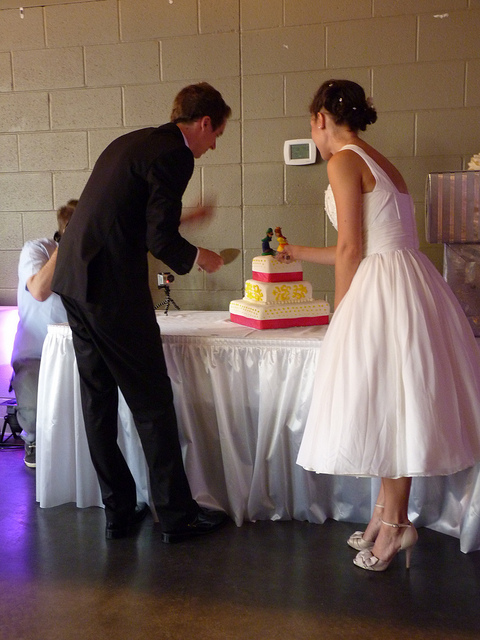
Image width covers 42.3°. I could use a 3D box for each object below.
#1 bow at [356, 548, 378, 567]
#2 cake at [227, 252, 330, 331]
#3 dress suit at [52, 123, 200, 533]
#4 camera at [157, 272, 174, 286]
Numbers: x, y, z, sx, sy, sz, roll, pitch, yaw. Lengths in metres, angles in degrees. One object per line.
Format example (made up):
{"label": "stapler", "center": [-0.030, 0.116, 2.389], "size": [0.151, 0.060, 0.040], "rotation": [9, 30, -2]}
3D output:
{"label": "bow", "center": [0.374, 0.691, 1.819], "size": [0.028, 0.017, 0.052], "rotation": [1, 10, -9]}
{"label": "cake", "center": [0.138, -0.112, 2.288], "size": [0.359, 0.261, 0.384], "rotation": [1, 8, 19]}
{"label": "dress suit", "center": [-0.350, -0.016, 1.965], "size": [0.402, 1.373, 0.445], "rotation": [-3, 14, -22]}
{"label": "camera", "center": [-0.350, -0.195, 2.955], "size": [0.081, 0.079, 0.087], "rotation": [-1, 5, -2]}
---
ACTIVITY:
Transcribe the listing above verbatim. Omit the pictures.

YOUR RESPONSE:
Image width covers 42.3°. I could use a 3D box for each object below.
#1 bow at [356, 548, 378, 567]
#2 cake at [227, 252, 330, 331]
#3 dress suit at [52, 123, 200, 533]
#4 camera at [157, 272, 174, 286]
Numbers: x, y, z, sx, sy, sz, roll, pitch, yaw. Lengths in metres, angles in degrees. One object per line.
Format example (made up):
{"label": "stapler", "center": [-0.030, 0.116, 2.389], "size": [0.151, 0.060, 0.040], "rotation": [9, 30, -2]}
3D output:
{"label": "bow", "center": [0.374, 0.691, 1.819], "size": [0.028, 0.017, 0.052], "rotation": [1, 10, -9]}
{"label": "cake", "center": [0.138, -0.112, 2.288], "size": [0.359, 0.261, 0.384], "rotation": [1, 8, 19]}
{"label": "dress suit", "center": [-0.350, -0.016, 1.965], "size": [0.402, 1.373, 0.445], "rotation": [-3, 14, -22]}
{"label": "camera", "center": [-0.350, -0.195, 2.955], "size": [0.081, 0.079, 0.087], "rotation": [-1, 5, -2]}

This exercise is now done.